All the other regular Indian festivals like Ratha Yatra, Raja, Ganesh Chaturthi, Vasant Panchami, Holi, Diwali, Id, are celebrated here.

==Cuisine==
The place has complete Odia culture, hence the cuisine is no different. Pattamundai is an agricultural center and is famous for Dalma-Bhaata, Bara-Aludam and Dahibara, of which all the ingredients are home grown. Apart from this, Chaat, Gupchup(Hindi: Panipuri) and Singoda(Samosa), Aloochop rule the streets. The people eat rice as their main staple food. Chakuli Pitha is eaten during the breakfast. It is made from rice batter using a tawa. Traditional Odiaa food such as Dahi-Pakhala (Rice soaked in water with yogurt & seasonings) is widely consumed, accompanied by Badi Chura or Saaga. considered as a body coolant, it is consumed during months of April–June.

==Demography==
===Population===

As of 2011 census of India Pattamundai NAC has a population of 36,528 of which 18,549 are males while 17,979 are females. Males constitute 51% of the population and females 49%. Population of Children with age of 0-6 is 4024 which is 11.02% of total population of Pattamundai. In Pattamundai Female Sex Ratio is of 969 against state average of 979. Moreover, Child Sex Ratio in Pattamundai is around 910 compared to Odisha state average of 941. In population of Pattamundai in 1991 & 2001 were 28,220 & 32730 respectively.

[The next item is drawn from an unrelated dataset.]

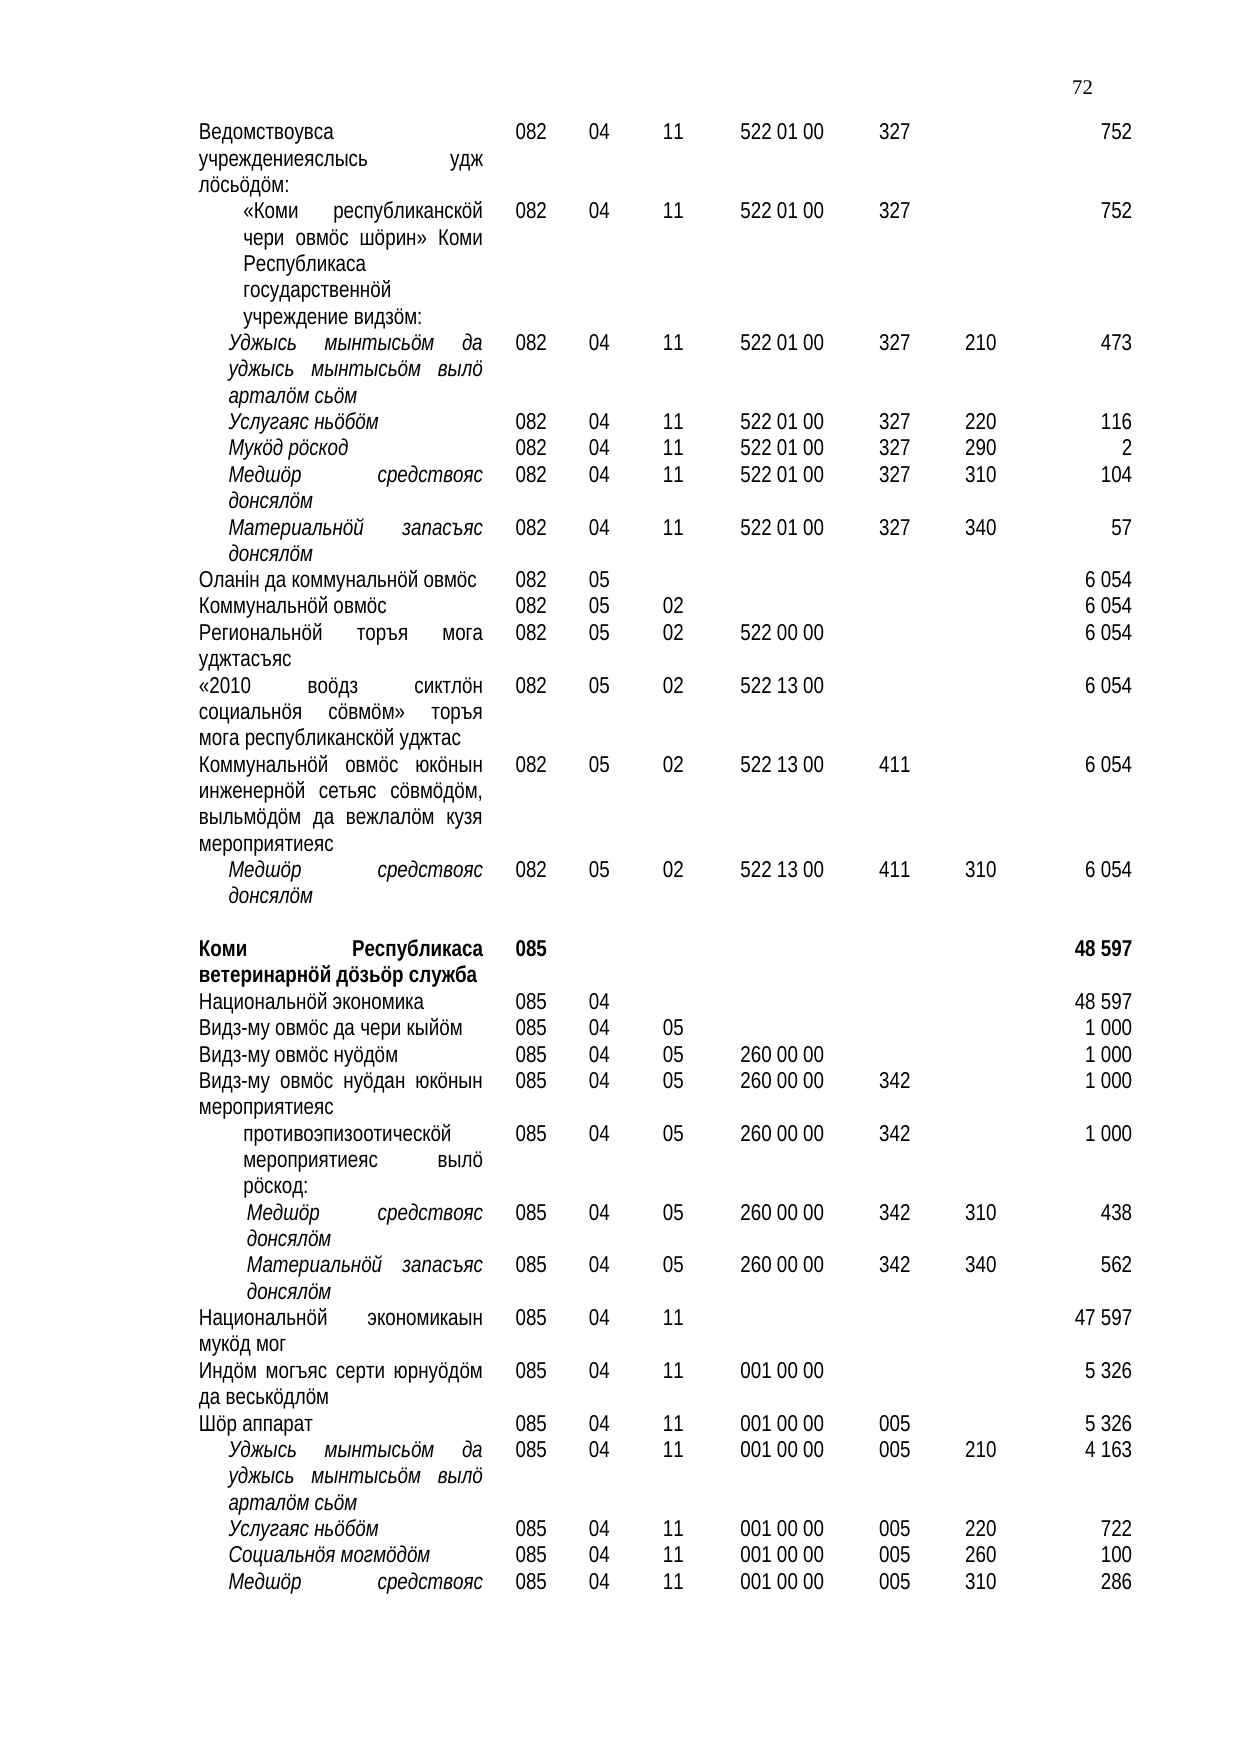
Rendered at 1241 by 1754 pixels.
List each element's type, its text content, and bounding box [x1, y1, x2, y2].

Literacy rate of Pattamundai city is 86.93% higher than state average of 72.87%. In Pattamundai, Male literacy is around 92.64% while female literacy rate is 81.09%. Pattamundai Municipality has total administration over 7,174 houses to which it supplies basic amenities like water and sewerage. It is also authorize to build roads within Municipal limits and impose taxes on properties coming under its jurisdiction.

Pattamundai is a Revenue Tehsil & a Block and consists of 30 Gram panchayat's and 153 village's with a combined population of over 1.82 lakhs.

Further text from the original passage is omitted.